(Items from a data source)
Content starts
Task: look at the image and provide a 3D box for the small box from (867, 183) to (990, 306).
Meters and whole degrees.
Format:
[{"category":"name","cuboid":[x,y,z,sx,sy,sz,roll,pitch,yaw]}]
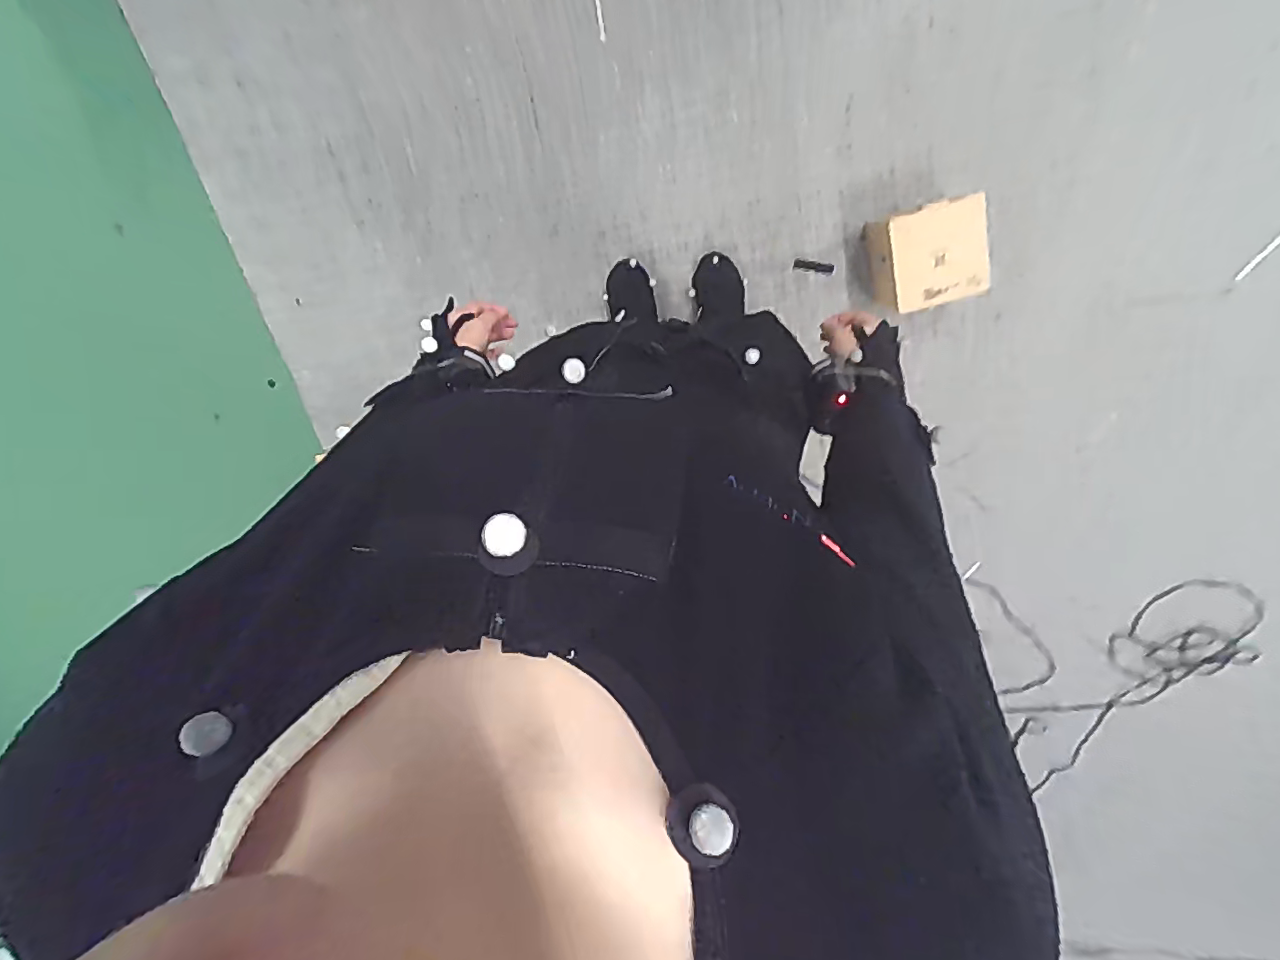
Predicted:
[{"category":"small box","cuboid":[0.562,-0.459,1.070,0.168,0.176,0.179,-13,111,13]}]
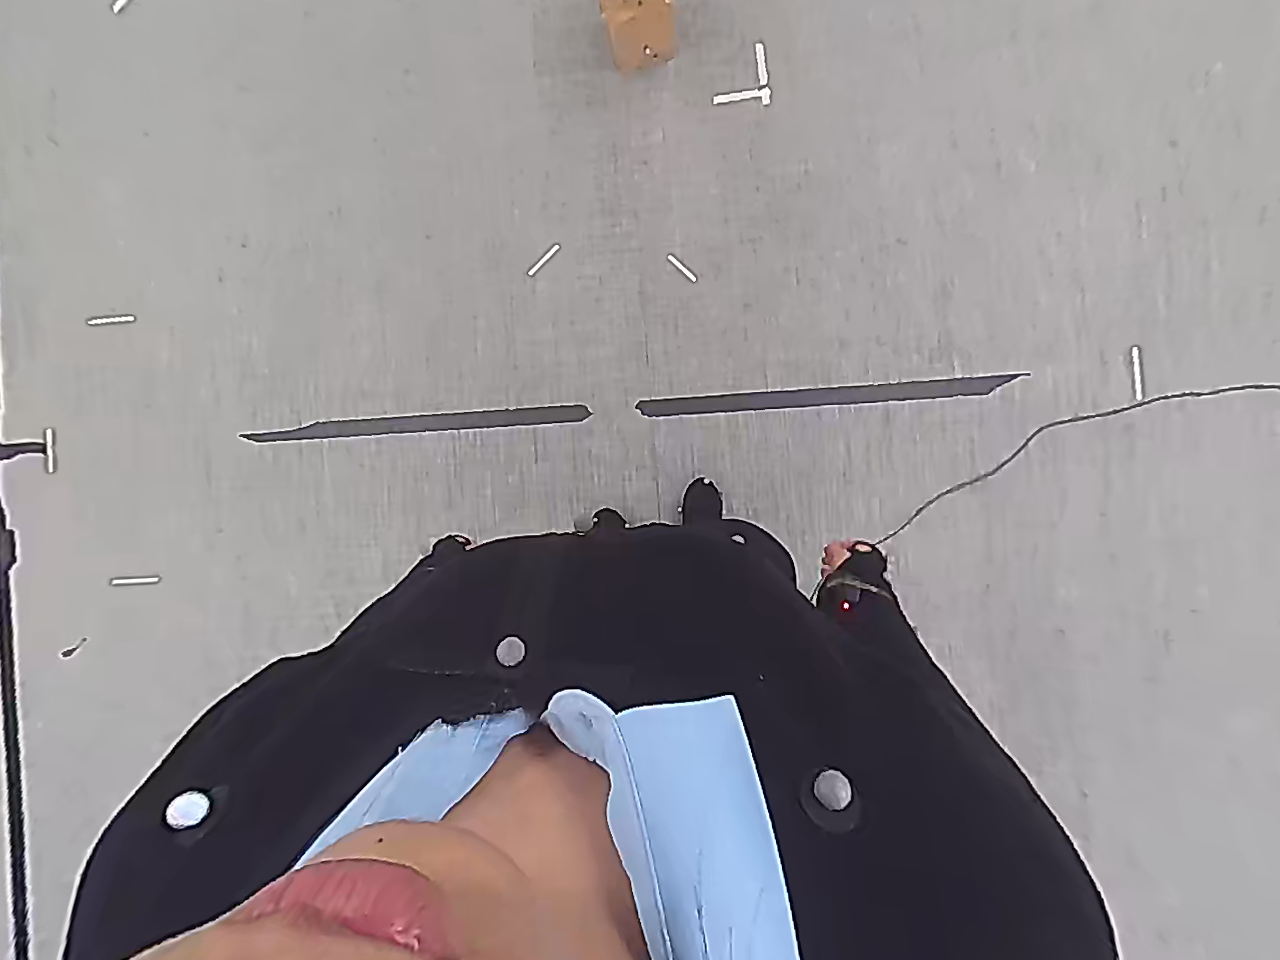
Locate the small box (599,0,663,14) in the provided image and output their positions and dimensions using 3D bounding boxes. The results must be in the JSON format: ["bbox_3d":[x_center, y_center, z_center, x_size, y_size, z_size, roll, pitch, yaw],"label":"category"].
[{"bbox_3d":[-0.031,-1.276,1.292,0.168,0.176,0.179,-4,89,4],"label":"small box"}]

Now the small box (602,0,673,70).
[{"bbox_3d":[-0.011,-1.267,1.454,0.168,0.176,0.179,-16,88,5],"label":"small box"}]
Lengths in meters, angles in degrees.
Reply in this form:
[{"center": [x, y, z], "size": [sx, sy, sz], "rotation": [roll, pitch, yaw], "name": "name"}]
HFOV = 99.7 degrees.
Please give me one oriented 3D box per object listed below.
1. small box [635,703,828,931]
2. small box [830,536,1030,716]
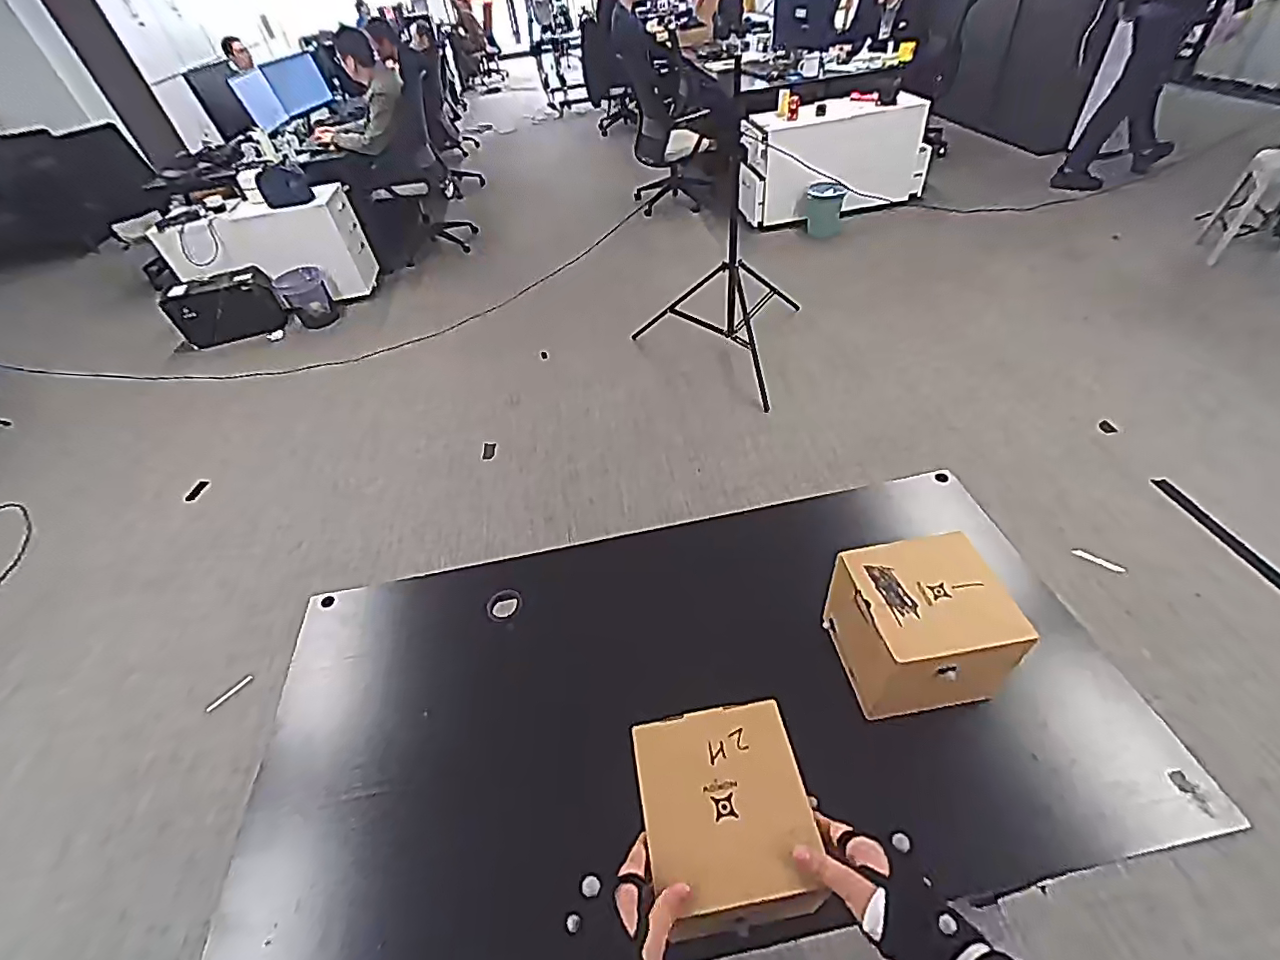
[{"center": [0.094, 0.383, 0.609], "size": [0.168, 0.176, 0.179], "rotation": [-10, 44, -2], "name": "small box"}, {"center": [0.375, 0.204, 0.744], "size": [0.179, 0.176, 0.168], "rotation": [-9, 45, -1], "name": "small box"}]
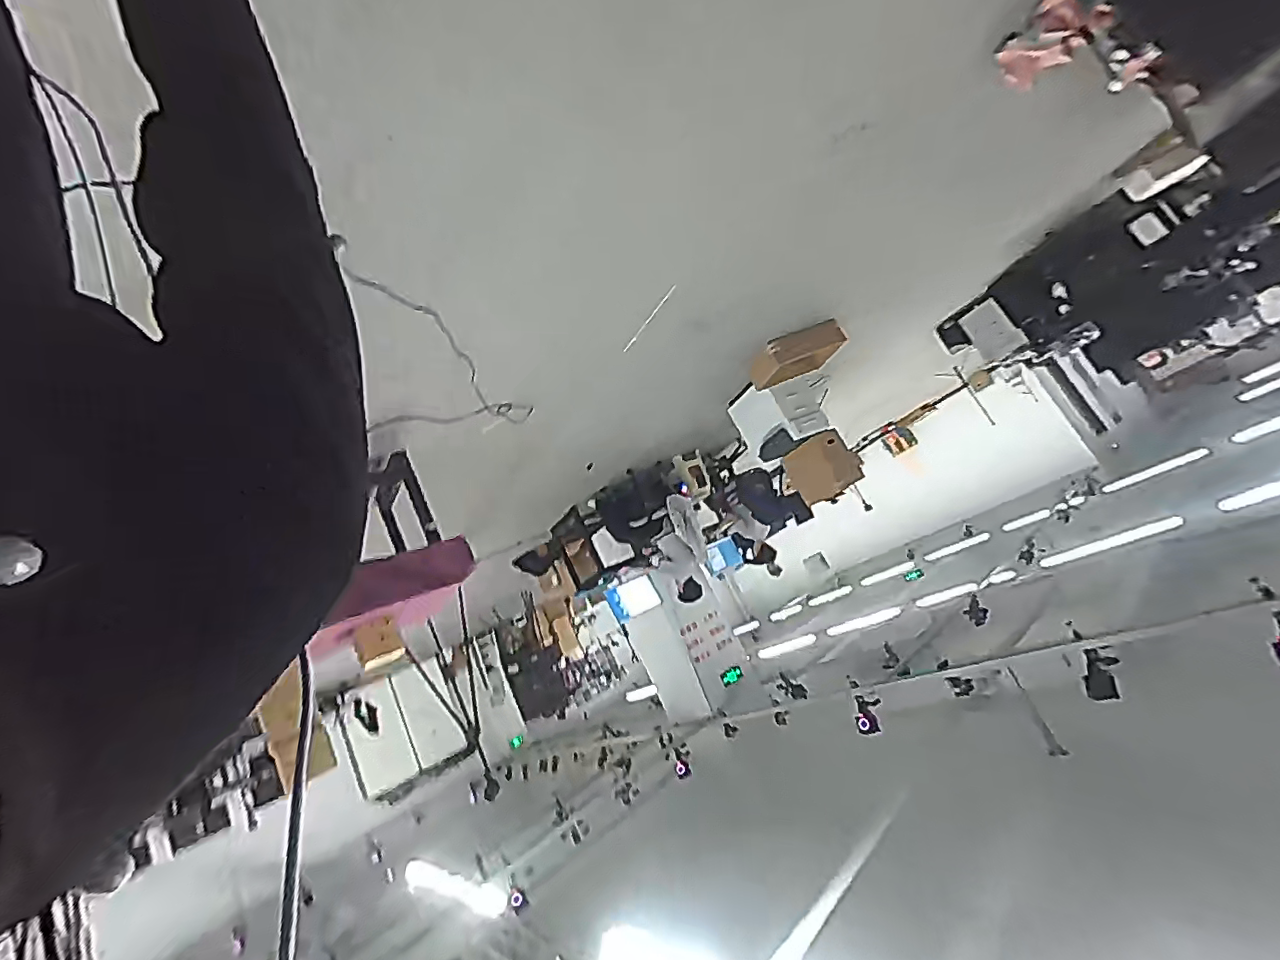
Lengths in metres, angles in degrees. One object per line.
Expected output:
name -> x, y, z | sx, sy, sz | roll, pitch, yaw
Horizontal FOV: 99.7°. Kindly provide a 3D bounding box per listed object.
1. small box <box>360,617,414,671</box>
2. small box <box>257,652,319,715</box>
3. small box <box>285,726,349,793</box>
Content ends
## TASK GOAL:
Output nothing but the records, word for word, and none of their pictures.

## YOUR RESPONSE:
Task: look at the image and provide a 3D box for the small box from (867, 183) to (990, 306).
Meters and whole degrees.
Format:
[{"category":"name","cuboid":[x,y,z,sx,sy,sz,roll,pitch,yaw]}]
Predicted:
[{"category":"small box","cuboid":[0.562,-0.459,1.070,0.168,0.176,0.179,-13,111,13]}]
Locate the small box (599,0,663,14) in the provided image and output their positions and dimensions using 3D bounding boxes. The results must be in the JSON format: ["bbox_3d":[x_center, y_center, z_center, x_size, y_size, z_size, roll, pitch, yaw],"label":"category"].
[{"bbox_3d":[-0.031,-1.276,1.292,0.168,0.176,0.179,-4,89,4],"label":"small box"}]

Now the small box (602,0,673,70).
[{"bbox_3d":[-0.011,-1.267,1.454,0.168,0.176,0.179,-16,88,5],"label":"small box"}]
Lengths in meters, angles in degrees.
Reply in this form:
[{"center": [x, y, z], "size": [sx, sy, sz], "rotation": [roll, pitch, yaw], "name": "name"}]
HFOV = 99.7 degrees.
Please give me one oriented 3D box per object listed below.
1. small box [635,703,828,931]
2. small box [830,536,1030,716]
[{"center": [0.094, 0.383, 0.609], "size": [0.168, 0.176, 0.179], "rotation": [-10, 44, -2], "name": "small box"}, {"center": [0.375, 0.204, 0.744], "size": [0.179, 0.176, 0.168], "rotation": [-9, 45, -1], "name": "small box"}]
Lengths in metres, angles in degrees. One object per line.
Expected output:
name -> x, y, z | sx, sy, sz | roll, pitch, yaw
Horizontal FOV: 99.7°. Kindly provide a 3D bounding box per listed object.
1. small box <box>360,617,414,671</box>
2. small box <box>257,652,319,715</box>
3. small box <box>285,726,349,793</box>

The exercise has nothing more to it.